- Education: University of Virginia
- Occupations: Author, Venture Capital
- Board member of: Bumble, Spanx
- Spouse: John Griffin
- Children: 4

= Amy Griffin (author) =

American venture capitalist

Amy Griffin is an American venture capitalist and author who founded G9 Ventures. She is most known for her book The Tell (about her experiences with processing trauma) which became a New York Times Bestseller.

== Early life ==
Griffin was born and grew up in Texas. Her father was CEO of Toot'n Totum, a Texas-based chain of convenience and auto-service stores. She is a graduate of the University of Virginia. At 27, she married John Griffin, founder of hedge fund Blue Ridge Capital, on May 3, 2003.

==Career==

In her twenties, Griffin worked in marketing and promotions at Sports Illustrated magazine.

In 2017, Griffin created G9 ventures, where she has helped to coordinate deals including Blackstone’s investment into Reese Witherspoon’s production company Hello Sunshine and Bumble’s IPO in 2021.

In 2021, Griffin became a trustee of the Metropolitan Museum of Art. She has also been involved with the New York Public Library.

===Book===
In early 2025, Griffin published a book, The Tell, about her experiences with processing trauma as a survivor of sexual abuse. The book became a New York Times Bestseller and was featured on Oprah's Book Club in March 2025.

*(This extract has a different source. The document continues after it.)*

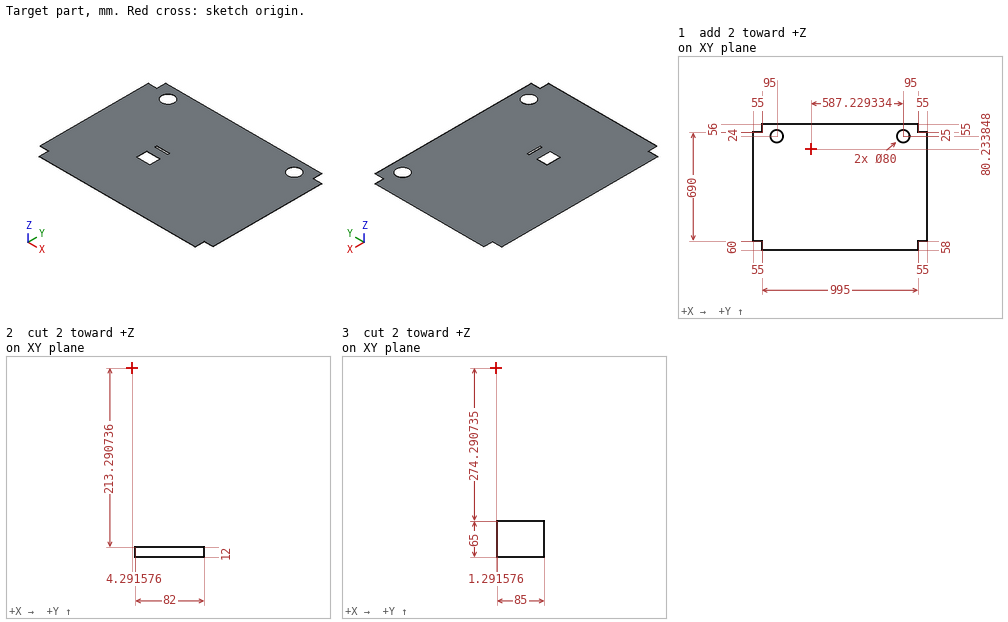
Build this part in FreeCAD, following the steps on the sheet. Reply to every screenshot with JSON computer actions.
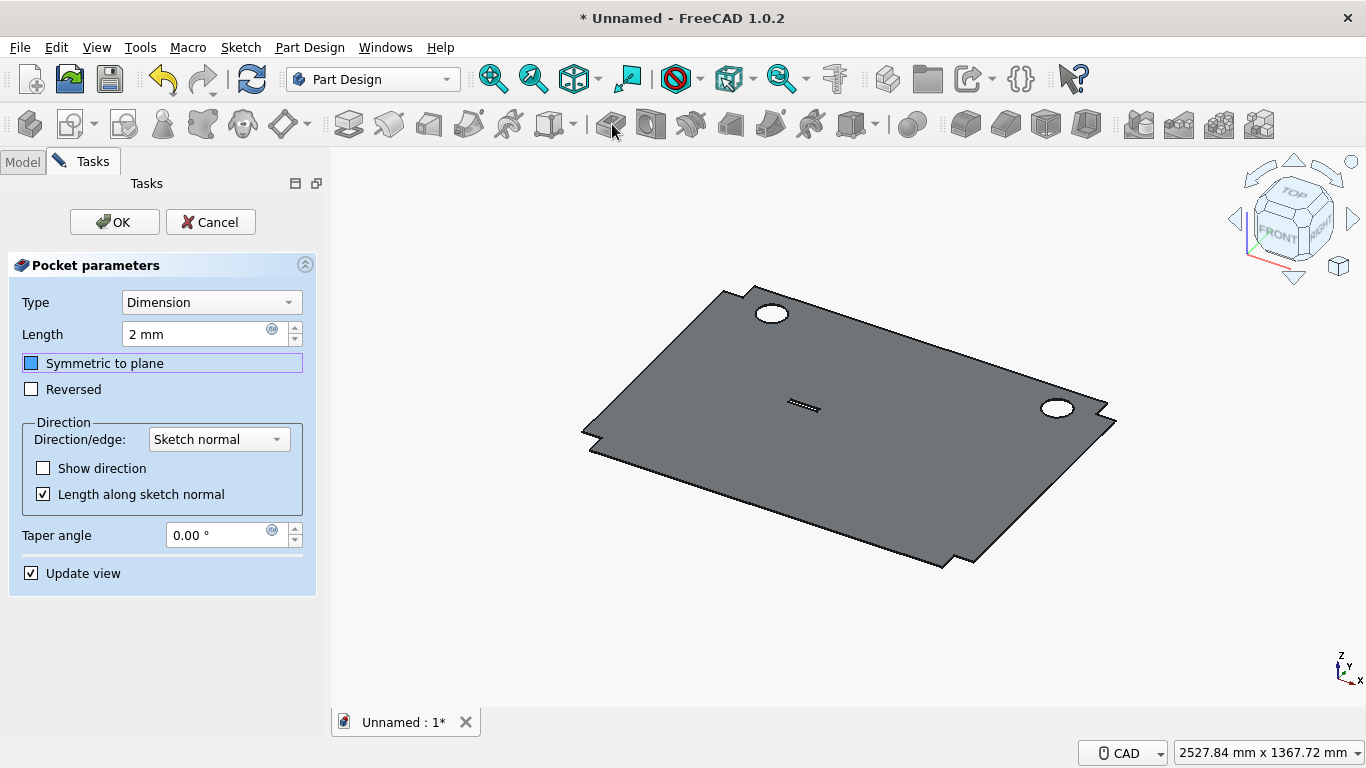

In September 2025, readers, physicians, and online reviewers raised concerns about the veracity of the claims Griffin made in her book. According to the New York Times, "Some have questioned the reliability of decades-old memories unearthed during drug-assisted therapy. Others have wondered how such abuse could take place in a public school without any adults picking up clues.

In March 2026, a former classmate sued Griffin for invasion of privacy and related claims, alleging that the sexual assault incidents described in The Tell actually happened to the former classmate, not Griffin. In June 2026, Griffin sued the classmate for defamation for accusing her of being a fraud and a thief.